9. Duyusal İşleme Bozuklukları
OSB’li bireylerde sıklıkla duyusal hassasiyetler ya da aşırı duyarlılık gözlemlenir. Örneğin, belirli seslere, dokulara ya da ışıklara karşı aşırı tepki verebilirler. Ancak, bu tür duyusal bozukluklar OSB’nin bir belirtisi olmakla birlikte, tek başına duyusal işleme bozukluğu OSB tanısı için yeterli değildir. Duyusal işleme bozukluğu olan çocuklarda sosyal iletişim bozuklukları görülmeyebilir.

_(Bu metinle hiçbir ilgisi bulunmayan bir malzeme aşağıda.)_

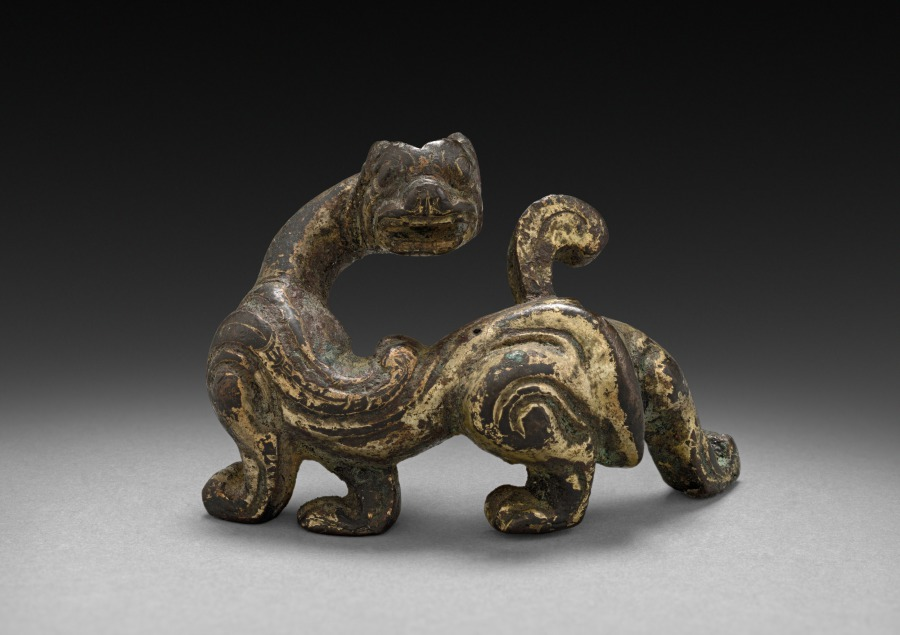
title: Fantastic Lion
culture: China, Han dynasty (202 BCE–220 CE)
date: 206 BCE–220 CE
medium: bronze
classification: Sculpture
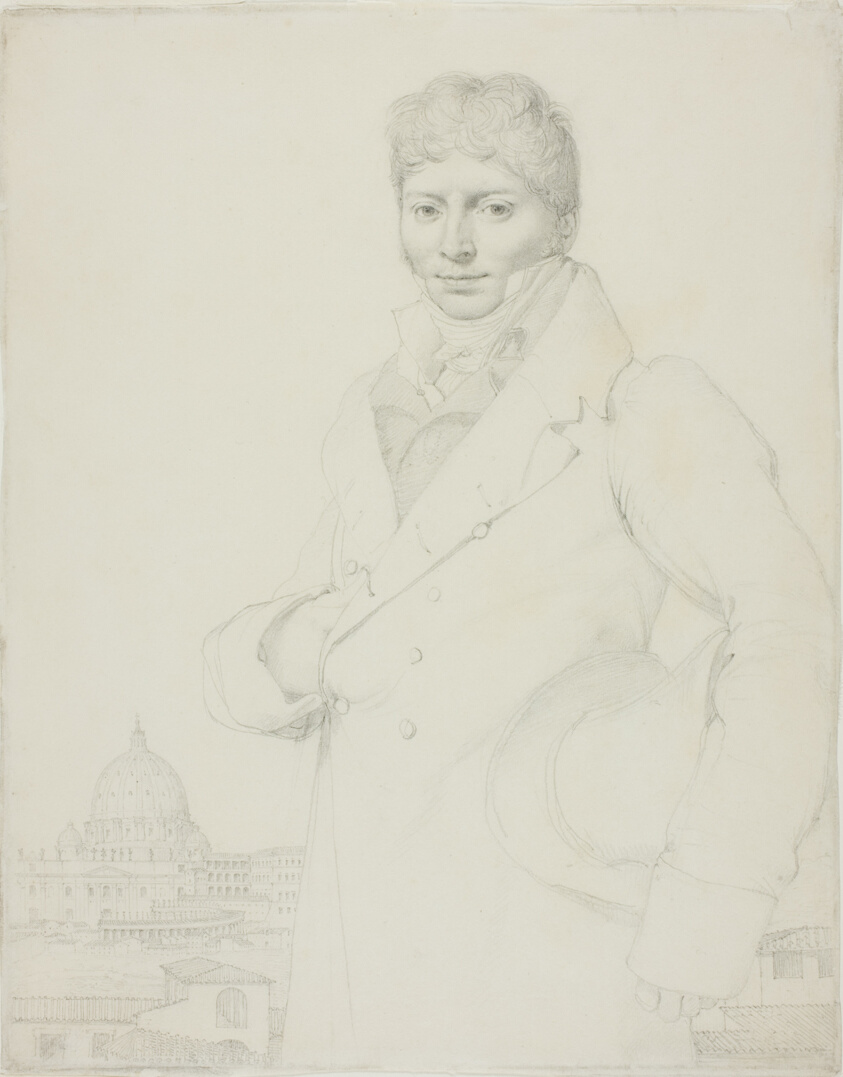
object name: Drawing and Watercolor
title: Portrait of Jean-Louis Robin
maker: Jean–Auguste–Dominique Ingres; French, 1780–1867
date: c. 1810
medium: Graphite, with stumping, on ivory wove paper
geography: France
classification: graphite; drawings (visual works); prints and drawing
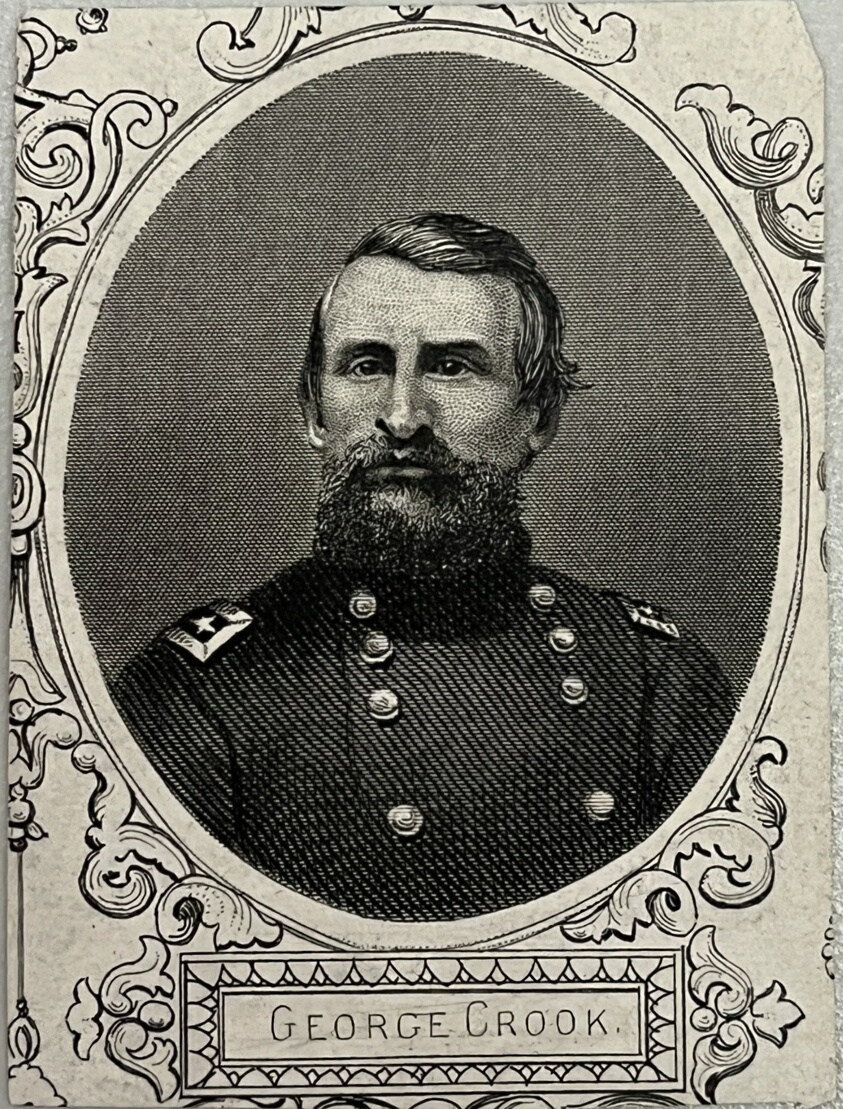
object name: Print
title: George Crook
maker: Artist Unknown (Likely American or British, 19th century)
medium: Etching on paper
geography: United States
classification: reproduction; print; prints and drawing
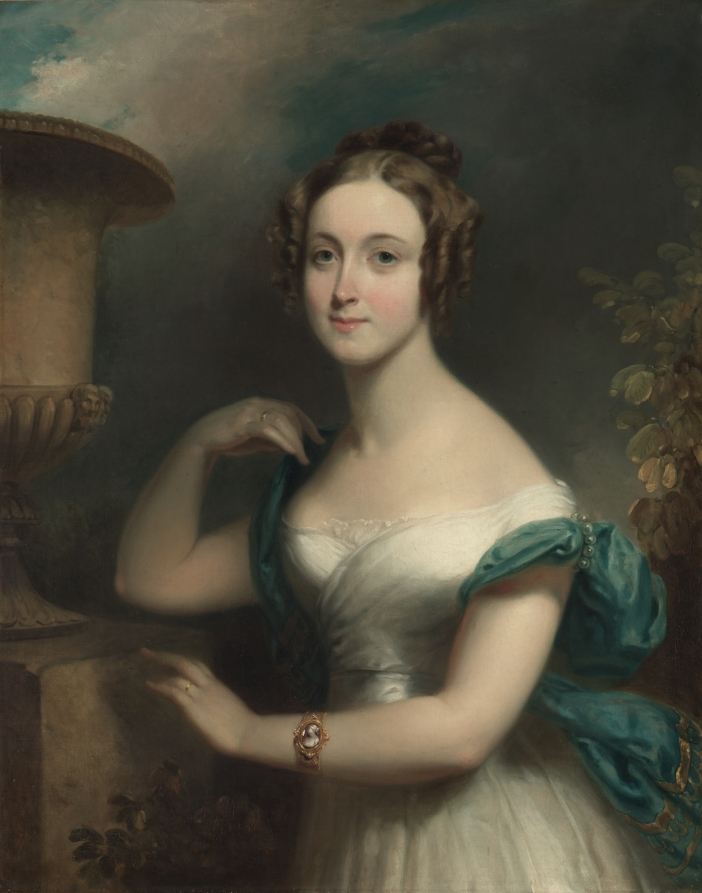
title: Mary Ward Betts
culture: America
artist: Henry Inman (American, 1801–1846)
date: 1830s
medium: oil on canvas
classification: Painting
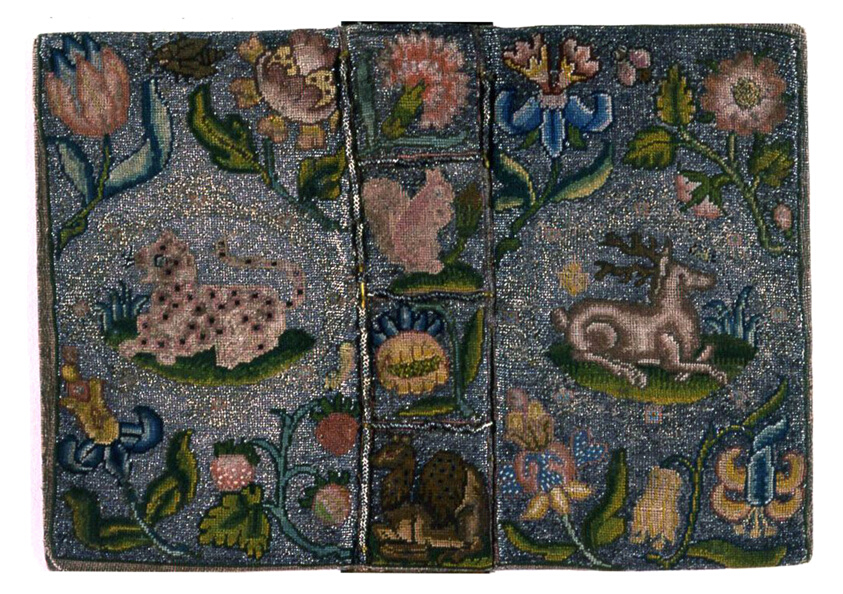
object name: Book
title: Book Cover for the Holy Bible
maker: England
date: c. 1700
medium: Linen, plain weave; embroidered with silk floss and silk creped yarns, gilt- and silvered-metal-strip-wrapped silk, and gilt-metal purl in reverse tent, satin, and tent stitches; couching and French knots
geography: England
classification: textile; needlework (visual works); book

10. Ayırıcı Tanı Sürecinin Önemi
Otizm Spektrum Bozukluğu, geniş bir yelpazeye sahip olduğu için, ayırıcı tanı süreci oldukça önemlidir. Her çocuk benzersizdir ve birden fazla nörogelişimsel bozukluğa sahip olabilir. Bu nedenle, çocukların gelişimsel değerlendirmeleri çok boyutlu bir yaklaşımla yapılmalıdır. Uzmanların, sadece belirli semptomlara odaklanmadan, çocuğun genel gelişimini, sosyal etkileşim becerilerini, bilişsel yeteneklerini ve diğer davranış kalıplarını değerlendirmesi gereklidir.
Sonuç:
Otizm Spektrum Bozukluğu (OSB), yaygın olarak göz teması kurmama, konuşma gecikmesi ya da tekrarlayıcı hareketler gibi belirtilerle ilişkilendirilir. Ancak bu belirtiler tek başına OSB için kesin bir tanı oluşturmamaktadır. Ayırıcı tanı süreçleriyle, OSB’nin benzer semptomlar gösteren diğer nörogelişimsel bozukluklarla karıştırılmaması için dikkatli değerlendirmeler yapılmalıdır. Özellikle dil gecikmesi, sosyal kaygı bozukluğu, dikkat eksikliği ve hiperaktivite bozukluğu (DEHB) gibi durumlar ayırt edilmelidir. Doğru bir değerlendirme ile bu çocukların ihtiyaçlarına uygun müdahaleler gerçekleştirilebilir.